I have a long c program that calculates time evolution of particles and it takes almost 2 to 3 days to complete even when parallelized using OpenMP. Sometimes, when I am bound to close the workstation, I have to stop the runs mid execution and waste all the data and time that went into it.
Is there some way that I can stop the run mid execution, save all the necessary processes, switch off the PC, come back the next day and start the run from the same point it was stopped at. Maybe i can save some "snapshot" and load it the next day to start the run from the same point. I am using a Linux OS.

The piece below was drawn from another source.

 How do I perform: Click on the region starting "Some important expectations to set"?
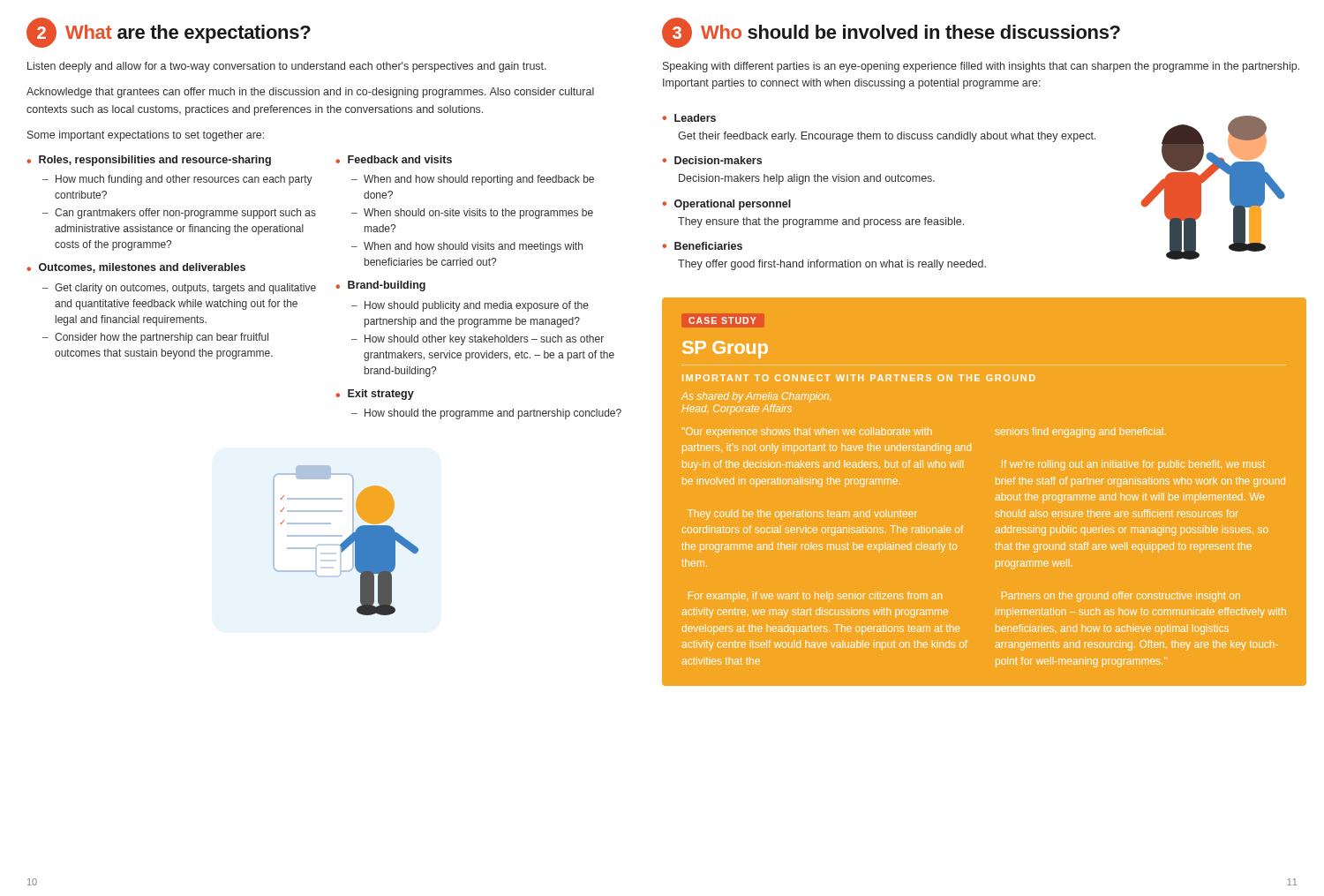click(x=146, y=135)

The structure of my c program (xyz.c) looks something like this :
%necessary header files listed here
int main (void)
{
function1();
...
... % (more functions in between)
...
function2();
while (i < 10000000)
{
function1();
function2();
....
....
%(several more functions)
....
....
function3();
i = i+1;
}
}
Most of the functions share numerous Global variables. Some functions perform calculations on global as well as local variables. And some functions print values of the variables to an output file. The resuming function I want should continue the printing function from where it stopped.

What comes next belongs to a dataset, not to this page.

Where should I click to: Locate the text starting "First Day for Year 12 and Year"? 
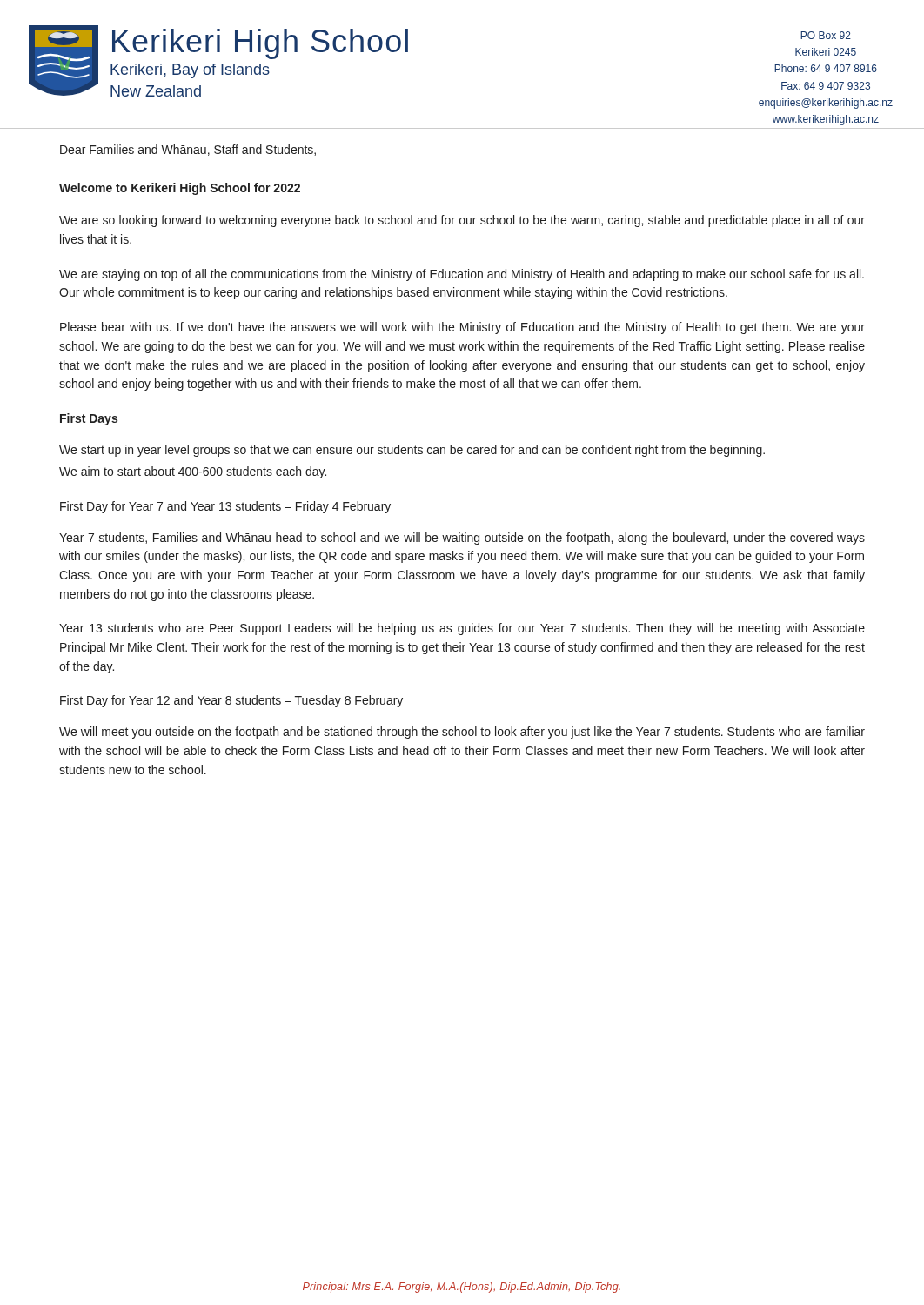[x=231, y=701]

Any help will be very much appreciated.
I have not tried any measures. As I have no idea in this regards on how to stop and resume from the same point. I read on some thread that i can use (ctrl + z) to stop the process and resume it using fg shell command but I am not sure on how will it work and how ill it affect the stream of data that is worked on.
Edit: What I have in my mind is that when I stop the program mid execution, the program asks, if I want to create a checkpoint, based on the input as "y", the program creates a checkpoint and exits. Or the program could create checkpoints after every 50000 iterations so that on sudden termination the last saved checkpoint remains. On running for the second time, the program asks for a fresh start or resume from last saved checkpoint.